Geocentrism is not geocentric
(The Great Divide: Methodology)
Back in March, when I last wrote on this subject we saw that the Pre-SR astronomers wanted to predict the positions of the planets in the sky. But how did they go about it? Post-SR astronomers do it by using the tools of calculus, i.e. they write down the appropriate differential equations, apply some initial conditions, and integrate the combined system. In practice, given the uncertainties inherent in observations, rather than only one initial position and velocity, a large number of past observed positions are used to constrain the solutions of those equations so that the error in their post-diction of those observations is the minimum possible. Then things are integrated forward to get predictions of future positions, in three dimensions. For the state of the art visit the Solar System Dynamics pages at JPL. The underlying assumptions are, for the most part, Newton's Three Laws of motion, and his Law of Gravitation---General Relativity is required for Mercury's orbit. Comets suffer from additional forces due to their losing mass---but the principle is the same: Sum up all the forces acting on a body and this is its acceleration. Integrate the acceleration to get the velocity, and the velocity to get the position.
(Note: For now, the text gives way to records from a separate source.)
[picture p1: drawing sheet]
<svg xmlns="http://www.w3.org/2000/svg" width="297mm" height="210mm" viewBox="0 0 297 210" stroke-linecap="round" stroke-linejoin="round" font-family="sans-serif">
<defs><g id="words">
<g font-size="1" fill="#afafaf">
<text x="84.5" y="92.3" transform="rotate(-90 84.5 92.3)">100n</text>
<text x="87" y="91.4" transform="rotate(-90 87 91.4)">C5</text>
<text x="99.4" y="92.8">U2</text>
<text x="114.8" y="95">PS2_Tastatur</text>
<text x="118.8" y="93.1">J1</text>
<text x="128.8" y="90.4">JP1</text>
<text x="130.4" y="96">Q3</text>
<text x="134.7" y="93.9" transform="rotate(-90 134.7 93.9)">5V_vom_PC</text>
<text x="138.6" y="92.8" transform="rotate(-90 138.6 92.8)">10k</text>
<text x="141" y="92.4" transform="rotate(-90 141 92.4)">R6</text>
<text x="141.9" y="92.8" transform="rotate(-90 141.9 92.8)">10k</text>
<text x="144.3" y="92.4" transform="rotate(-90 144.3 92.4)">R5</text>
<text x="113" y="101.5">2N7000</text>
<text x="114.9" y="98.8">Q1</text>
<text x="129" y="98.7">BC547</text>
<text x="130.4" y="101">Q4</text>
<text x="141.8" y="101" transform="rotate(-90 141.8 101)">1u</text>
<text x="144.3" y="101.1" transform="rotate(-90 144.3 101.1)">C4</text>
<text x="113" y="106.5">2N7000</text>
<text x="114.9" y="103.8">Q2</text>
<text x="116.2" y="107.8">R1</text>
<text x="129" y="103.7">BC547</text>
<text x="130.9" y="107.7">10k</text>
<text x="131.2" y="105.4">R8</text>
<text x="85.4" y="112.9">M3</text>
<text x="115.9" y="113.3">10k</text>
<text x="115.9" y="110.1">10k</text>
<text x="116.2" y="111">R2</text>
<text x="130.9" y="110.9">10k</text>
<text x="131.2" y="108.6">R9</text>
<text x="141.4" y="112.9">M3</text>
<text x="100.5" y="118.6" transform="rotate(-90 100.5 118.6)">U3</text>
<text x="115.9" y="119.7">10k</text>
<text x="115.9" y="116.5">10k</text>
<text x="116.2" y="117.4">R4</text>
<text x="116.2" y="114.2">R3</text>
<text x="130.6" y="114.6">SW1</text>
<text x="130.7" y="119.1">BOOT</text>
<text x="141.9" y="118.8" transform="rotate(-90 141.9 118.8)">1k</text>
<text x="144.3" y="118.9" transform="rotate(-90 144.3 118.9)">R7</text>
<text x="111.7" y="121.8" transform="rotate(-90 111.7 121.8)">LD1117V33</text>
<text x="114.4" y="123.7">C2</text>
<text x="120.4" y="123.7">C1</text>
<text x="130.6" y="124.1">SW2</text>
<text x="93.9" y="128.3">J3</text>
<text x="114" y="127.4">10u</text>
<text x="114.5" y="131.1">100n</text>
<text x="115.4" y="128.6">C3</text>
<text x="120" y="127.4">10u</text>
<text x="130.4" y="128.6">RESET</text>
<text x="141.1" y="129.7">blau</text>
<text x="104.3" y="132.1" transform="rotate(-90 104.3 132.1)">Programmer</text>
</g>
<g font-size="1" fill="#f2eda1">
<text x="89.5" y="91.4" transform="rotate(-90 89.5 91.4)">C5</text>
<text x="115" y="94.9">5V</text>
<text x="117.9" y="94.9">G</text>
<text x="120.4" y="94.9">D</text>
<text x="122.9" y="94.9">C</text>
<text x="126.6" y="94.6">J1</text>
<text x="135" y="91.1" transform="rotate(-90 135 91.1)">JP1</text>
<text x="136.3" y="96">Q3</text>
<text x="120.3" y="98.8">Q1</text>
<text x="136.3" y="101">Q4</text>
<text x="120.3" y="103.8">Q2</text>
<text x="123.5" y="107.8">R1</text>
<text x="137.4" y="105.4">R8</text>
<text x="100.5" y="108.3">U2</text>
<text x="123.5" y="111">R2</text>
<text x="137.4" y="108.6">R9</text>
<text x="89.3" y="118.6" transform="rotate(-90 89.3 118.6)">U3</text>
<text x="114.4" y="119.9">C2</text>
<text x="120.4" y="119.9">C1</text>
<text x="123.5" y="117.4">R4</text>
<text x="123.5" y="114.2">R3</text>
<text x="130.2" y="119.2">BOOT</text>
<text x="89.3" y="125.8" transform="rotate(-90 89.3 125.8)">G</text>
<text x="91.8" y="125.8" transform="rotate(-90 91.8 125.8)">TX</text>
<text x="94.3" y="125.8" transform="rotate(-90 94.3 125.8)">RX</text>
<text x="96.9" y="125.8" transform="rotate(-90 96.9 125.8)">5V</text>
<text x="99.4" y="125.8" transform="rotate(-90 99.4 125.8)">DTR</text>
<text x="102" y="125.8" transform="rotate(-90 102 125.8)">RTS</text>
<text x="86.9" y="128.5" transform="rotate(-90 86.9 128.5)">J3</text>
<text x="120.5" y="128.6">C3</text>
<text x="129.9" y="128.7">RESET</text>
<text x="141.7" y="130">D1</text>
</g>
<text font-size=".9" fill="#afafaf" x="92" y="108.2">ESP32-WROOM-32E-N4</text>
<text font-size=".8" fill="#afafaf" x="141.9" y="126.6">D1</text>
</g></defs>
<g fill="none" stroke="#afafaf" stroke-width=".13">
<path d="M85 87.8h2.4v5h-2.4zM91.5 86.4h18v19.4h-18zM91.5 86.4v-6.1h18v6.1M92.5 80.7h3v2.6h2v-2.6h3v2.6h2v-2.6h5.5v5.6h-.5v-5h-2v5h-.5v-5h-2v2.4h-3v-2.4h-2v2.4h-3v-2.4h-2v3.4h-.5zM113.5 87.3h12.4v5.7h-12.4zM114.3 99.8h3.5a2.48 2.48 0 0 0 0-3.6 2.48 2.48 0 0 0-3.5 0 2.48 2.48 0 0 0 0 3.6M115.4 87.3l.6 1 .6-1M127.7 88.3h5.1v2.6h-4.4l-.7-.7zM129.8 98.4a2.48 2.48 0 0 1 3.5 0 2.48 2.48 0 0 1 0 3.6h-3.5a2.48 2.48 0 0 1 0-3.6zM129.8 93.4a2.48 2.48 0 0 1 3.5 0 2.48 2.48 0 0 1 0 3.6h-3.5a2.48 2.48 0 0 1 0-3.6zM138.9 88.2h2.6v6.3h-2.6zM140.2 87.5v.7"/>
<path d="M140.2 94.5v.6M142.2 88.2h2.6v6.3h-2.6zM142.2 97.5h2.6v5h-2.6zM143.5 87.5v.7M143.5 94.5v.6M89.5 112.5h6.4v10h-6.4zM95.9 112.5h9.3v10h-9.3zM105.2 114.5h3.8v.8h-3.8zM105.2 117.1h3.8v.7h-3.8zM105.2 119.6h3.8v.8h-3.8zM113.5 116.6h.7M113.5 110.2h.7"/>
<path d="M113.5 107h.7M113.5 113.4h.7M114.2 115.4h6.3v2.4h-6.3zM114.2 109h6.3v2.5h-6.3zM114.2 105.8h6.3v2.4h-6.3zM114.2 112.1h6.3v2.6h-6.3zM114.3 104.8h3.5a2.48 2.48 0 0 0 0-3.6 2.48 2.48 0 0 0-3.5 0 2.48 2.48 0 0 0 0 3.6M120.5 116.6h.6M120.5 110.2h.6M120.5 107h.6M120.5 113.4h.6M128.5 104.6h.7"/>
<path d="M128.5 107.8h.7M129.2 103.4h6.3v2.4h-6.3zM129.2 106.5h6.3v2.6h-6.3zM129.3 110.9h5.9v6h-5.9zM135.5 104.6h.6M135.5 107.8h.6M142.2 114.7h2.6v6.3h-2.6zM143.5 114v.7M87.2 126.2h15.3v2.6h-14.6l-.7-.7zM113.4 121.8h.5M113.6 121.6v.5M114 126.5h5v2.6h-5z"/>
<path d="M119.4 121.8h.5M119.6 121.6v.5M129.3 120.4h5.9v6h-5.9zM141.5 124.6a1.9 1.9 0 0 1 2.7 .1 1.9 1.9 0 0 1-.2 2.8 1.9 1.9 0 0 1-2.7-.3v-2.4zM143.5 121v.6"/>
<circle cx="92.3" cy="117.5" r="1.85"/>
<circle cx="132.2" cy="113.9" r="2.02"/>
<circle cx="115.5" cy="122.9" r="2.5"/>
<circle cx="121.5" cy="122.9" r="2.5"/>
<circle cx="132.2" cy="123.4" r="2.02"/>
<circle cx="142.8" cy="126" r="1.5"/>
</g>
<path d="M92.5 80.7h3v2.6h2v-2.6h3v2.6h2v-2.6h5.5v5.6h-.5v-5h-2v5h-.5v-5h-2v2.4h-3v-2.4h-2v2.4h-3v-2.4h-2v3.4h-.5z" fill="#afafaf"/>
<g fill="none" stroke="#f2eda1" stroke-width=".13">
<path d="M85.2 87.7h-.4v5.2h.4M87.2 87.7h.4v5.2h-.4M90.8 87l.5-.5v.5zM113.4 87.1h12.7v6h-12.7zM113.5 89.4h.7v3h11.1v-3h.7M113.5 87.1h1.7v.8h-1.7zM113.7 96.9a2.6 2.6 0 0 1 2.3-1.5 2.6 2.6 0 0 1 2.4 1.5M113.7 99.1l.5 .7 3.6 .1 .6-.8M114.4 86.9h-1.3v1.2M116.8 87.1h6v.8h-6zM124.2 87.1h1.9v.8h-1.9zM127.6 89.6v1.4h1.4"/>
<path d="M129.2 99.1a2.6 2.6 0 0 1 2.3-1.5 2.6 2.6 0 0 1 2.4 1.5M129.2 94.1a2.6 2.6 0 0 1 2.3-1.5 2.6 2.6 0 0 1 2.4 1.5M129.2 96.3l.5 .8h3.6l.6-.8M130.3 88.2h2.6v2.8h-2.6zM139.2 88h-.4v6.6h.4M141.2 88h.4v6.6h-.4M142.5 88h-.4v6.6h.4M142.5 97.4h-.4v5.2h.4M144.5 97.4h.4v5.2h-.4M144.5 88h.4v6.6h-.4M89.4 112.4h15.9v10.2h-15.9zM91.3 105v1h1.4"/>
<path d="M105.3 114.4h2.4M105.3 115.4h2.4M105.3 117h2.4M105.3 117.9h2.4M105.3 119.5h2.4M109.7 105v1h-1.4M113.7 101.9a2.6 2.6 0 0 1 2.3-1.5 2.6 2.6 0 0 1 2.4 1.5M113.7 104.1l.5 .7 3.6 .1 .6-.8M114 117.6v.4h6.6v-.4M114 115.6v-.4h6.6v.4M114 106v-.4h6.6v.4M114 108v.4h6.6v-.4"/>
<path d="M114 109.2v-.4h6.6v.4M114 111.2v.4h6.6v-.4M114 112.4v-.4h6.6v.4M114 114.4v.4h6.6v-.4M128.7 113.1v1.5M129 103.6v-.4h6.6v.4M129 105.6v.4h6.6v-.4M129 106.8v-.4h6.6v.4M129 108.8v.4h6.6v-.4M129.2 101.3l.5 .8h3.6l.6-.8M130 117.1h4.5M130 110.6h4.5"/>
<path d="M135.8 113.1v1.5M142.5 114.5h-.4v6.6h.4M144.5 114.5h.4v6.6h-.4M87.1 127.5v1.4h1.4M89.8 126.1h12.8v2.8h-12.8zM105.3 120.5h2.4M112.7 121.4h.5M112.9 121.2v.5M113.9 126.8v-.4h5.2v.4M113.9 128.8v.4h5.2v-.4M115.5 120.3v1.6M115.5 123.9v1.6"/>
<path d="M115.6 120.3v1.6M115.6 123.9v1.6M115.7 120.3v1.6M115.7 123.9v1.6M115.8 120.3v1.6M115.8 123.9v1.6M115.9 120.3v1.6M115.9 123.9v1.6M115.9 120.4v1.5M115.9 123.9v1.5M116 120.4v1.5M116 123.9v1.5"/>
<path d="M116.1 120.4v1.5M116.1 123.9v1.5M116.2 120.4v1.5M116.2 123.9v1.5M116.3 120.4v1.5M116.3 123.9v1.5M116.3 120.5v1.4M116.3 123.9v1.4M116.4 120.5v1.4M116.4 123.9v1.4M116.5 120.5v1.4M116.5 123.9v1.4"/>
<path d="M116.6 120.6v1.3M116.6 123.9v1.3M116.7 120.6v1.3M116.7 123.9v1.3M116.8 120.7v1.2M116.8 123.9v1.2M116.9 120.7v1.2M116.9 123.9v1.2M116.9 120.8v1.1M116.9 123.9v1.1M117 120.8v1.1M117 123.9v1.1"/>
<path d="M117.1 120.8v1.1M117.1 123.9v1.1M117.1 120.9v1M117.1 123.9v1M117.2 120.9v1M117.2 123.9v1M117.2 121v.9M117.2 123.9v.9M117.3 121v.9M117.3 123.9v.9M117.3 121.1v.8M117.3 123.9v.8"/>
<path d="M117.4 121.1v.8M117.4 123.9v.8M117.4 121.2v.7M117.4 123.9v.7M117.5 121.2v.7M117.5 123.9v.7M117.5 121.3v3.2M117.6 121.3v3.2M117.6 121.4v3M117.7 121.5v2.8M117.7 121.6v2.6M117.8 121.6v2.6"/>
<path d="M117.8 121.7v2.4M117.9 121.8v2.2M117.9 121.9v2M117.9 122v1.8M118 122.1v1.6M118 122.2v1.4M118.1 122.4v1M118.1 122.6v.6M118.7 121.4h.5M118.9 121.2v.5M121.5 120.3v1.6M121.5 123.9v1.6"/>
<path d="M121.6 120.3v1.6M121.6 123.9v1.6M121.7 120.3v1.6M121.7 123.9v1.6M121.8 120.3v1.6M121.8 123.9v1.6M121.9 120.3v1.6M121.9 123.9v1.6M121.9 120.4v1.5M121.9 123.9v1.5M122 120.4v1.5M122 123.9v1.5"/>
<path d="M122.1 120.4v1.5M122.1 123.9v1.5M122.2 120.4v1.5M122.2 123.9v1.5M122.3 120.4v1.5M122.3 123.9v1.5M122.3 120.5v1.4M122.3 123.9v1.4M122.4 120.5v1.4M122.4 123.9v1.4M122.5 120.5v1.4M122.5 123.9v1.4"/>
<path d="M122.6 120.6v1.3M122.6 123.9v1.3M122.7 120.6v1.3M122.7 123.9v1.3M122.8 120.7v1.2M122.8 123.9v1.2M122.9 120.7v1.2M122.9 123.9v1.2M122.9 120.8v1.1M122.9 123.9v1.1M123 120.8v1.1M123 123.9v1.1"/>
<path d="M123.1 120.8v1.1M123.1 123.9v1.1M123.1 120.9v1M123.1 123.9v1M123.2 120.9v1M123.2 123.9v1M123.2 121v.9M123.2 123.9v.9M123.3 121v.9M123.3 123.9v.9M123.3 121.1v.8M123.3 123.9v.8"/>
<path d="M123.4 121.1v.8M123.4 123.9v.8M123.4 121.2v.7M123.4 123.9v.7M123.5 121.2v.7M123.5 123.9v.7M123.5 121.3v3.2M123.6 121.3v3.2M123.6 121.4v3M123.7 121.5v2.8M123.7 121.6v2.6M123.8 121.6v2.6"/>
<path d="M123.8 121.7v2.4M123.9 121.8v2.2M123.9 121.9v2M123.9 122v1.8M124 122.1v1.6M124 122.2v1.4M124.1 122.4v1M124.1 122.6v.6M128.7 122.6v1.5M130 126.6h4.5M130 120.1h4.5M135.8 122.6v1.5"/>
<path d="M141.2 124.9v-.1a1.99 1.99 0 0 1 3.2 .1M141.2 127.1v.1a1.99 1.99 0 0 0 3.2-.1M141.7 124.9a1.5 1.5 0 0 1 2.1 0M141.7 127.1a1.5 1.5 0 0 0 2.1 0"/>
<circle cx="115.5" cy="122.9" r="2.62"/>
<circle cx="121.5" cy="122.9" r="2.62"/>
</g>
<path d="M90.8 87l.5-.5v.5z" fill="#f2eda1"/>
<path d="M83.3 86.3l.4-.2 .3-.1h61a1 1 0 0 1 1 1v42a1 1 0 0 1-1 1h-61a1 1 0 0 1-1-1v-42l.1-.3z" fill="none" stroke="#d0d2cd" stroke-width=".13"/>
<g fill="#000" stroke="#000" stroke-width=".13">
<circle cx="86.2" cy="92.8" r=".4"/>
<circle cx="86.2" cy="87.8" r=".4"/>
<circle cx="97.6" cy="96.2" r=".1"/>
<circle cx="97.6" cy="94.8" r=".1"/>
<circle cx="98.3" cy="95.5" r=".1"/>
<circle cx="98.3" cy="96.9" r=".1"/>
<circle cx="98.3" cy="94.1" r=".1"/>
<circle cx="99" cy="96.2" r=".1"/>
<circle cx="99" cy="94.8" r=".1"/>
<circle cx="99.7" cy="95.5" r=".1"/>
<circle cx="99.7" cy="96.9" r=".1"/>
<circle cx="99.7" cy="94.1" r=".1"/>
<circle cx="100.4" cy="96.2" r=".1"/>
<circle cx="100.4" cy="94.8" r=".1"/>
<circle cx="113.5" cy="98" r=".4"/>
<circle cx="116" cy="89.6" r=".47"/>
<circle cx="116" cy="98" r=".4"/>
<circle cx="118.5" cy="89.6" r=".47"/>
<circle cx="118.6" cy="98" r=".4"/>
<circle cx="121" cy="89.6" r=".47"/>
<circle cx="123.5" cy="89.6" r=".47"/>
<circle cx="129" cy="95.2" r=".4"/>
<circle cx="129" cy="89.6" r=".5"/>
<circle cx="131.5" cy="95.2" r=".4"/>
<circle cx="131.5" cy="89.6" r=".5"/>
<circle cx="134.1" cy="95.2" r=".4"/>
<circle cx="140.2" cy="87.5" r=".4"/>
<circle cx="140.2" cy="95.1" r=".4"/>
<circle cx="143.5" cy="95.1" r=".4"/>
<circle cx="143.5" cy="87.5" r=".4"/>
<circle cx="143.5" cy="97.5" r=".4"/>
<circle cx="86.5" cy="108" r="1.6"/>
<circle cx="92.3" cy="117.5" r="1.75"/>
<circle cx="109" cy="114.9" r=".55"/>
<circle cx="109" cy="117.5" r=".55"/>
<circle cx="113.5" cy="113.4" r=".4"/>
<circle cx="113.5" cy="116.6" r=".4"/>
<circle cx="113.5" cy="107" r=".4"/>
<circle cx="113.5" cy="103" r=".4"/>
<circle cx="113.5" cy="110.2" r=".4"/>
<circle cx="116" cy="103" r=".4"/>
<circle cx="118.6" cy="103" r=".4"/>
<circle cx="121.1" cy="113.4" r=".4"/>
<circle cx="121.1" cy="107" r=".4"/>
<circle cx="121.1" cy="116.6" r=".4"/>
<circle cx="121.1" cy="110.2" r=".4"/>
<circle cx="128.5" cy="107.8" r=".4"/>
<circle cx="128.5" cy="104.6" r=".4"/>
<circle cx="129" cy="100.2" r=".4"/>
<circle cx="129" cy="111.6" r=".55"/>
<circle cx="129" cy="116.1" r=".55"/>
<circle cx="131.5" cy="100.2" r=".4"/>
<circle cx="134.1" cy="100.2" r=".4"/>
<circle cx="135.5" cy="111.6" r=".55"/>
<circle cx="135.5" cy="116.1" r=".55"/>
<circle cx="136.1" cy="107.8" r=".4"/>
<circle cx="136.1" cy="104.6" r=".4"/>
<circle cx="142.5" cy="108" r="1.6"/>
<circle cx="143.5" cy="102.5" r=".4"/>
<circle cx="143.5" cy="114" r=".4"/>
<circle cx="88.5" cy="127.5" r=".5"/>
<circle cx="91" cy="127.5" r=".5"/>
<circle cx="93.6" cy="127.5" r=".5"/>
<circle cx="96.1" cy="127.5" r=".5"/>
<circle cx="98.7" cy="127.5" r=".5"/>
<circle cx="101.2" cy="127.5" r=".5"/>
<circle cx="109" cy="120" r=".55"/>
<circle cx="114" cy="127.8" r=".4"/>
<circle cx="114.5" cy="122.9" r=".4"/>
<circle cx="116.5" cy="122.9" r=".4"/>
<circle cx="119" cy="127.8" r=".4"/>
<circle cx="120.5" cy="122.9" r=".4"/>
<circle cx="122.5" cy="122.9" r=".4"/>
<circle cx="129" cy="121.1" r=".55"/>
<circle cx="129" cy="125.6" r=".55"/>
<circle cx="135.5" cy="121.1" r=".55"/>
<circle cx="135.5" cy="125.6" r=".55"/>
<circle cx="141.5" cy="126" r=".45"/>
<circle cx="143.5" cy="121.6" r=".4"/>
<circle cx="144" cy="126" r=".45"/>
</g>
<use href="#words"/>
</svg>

Pre-SR astronomers worked from a different set of assumptions. In their view, the planets moved exclusively on circles which turned at constant angular rates. This restriction posed something of a difficulty since the observed planets don't move at constant rates in the sky. The superior planets (Mars, Jupiter, and Saturn) even, at times near opposition, move backwards on the sky, which is hard to explain with constantly rotating circles. So, the Pre-SR astronomers had to employ a variety of schemes to get variable apparent motions from their constant true motions. Epicycles were small circles containing the planet and were carried around but the large circle. The large circles, deferents, themselves were placed off center (eccentric) with respect to the Earth so that their apparent motions would be faster when they were closer to the Earth and slower when they were more distant. This works even better when the planet moves at a constant speed not as seen from the center, but from the equant point placed symmetrically on the opposite side of the circle's centre from the Earth. This last device, however, represents a step away from a uniformly rotating circle and proved controversial for that reason.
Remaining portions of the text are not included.